605 Recommendations from the Science Community Workshop on Polar Orbiting IR and MW Sounders

Wednesday, 26 January 2011
Washington State Convention Center
Thomas S. Pagano, JPL, Pasadena, CA; and C. D. Barnet, J. Susskind, K. Bowman, and E. Fetzer

Handout (1.2 MB)

Hyper-spectral infrared and microwave sounders, .e.g., AIRS, AMSU and IASI, have become invaluable tools for modern operational numerical weather prediction. The rich information content in their data, along with other IR sounders such as TES and MOPITT, are becoming increasingly integral to a diverse suite of science investigations including the hydrological cycle, climate variability and feedbacks, atmospheric composition, air quality, and global greenhouse gas distributions. With the eventual loss of the A-train in conjunction with the increasing need to construct long-term climate-quality data sets, it is vital that continuation of some part of these measurements and their derived products be made by current and planned operational sounders (e.g. the Cross-track Infrared Sounder, CrIS, and the Advanced Technology Microwave Sounder, ATMS, and the European Infrared Atmospheric Sounding Interferometer, IASI). However, identification of those products critical to the community and an assessment of their expected accuracy/precision for currently planned sounders has not yet been fully explored.

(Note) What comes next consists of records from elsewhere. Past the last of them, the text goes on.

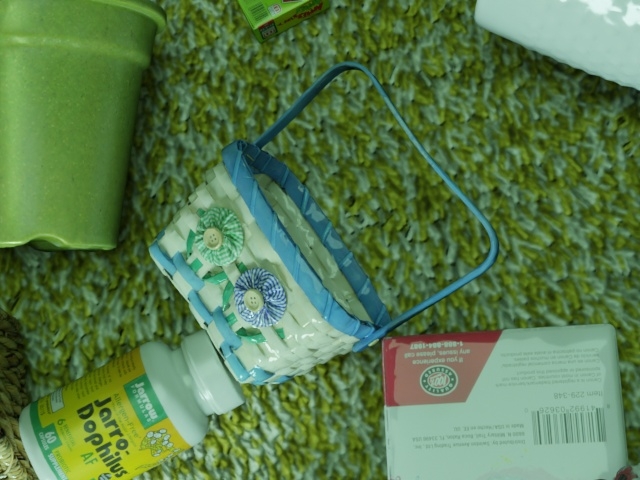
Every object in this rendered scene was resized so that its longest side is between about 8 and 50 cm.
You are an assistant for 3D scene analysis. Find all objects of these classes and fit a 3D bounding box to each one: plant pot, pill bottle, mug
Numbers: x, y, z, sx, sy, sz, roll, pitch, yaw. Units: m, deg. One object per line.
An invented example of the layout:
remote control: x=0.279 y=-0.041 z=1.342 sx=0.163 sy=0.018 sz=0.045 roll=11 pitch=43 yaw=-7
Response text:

Among the many measurements expected to cease in the next few years, the NRC decadal survey committee identified temperature and water vapor profiles as one of the measurements providing critical information today which needs to be sustained into the next decade. Other measurements made by the current generation of sounders including cloud properties, greenhouse and air quality gases have become critical to the scientific community. In order to identify paths for continuity in sounder observations and needs for further improvement, NASA sponsored a 2 day Science Community Workshop on Polar Orbiting IR and MW Sounders. The workshop was intended to address the following questions: 1. What is the range of scientific research currently carried out with atmospheric sounding instruments including AIRS, IASI-A, AMSU, TES, and MOPITT? 2. How can the planned CrIS, ATMS, IASI-B, IASI-C continue to support the scientific research enabled by the EOS sounders? 3. What requirements are needed from future sounders (e.g. post-EPS, post-NPOESS) to address the critical challenges in weather, climate, air quality and carbon cycle research. 4. How can planned and future sounders complement, or act as a bridge to NASA Decadal Survey missions?

Results and recommendations from the workshop are presented.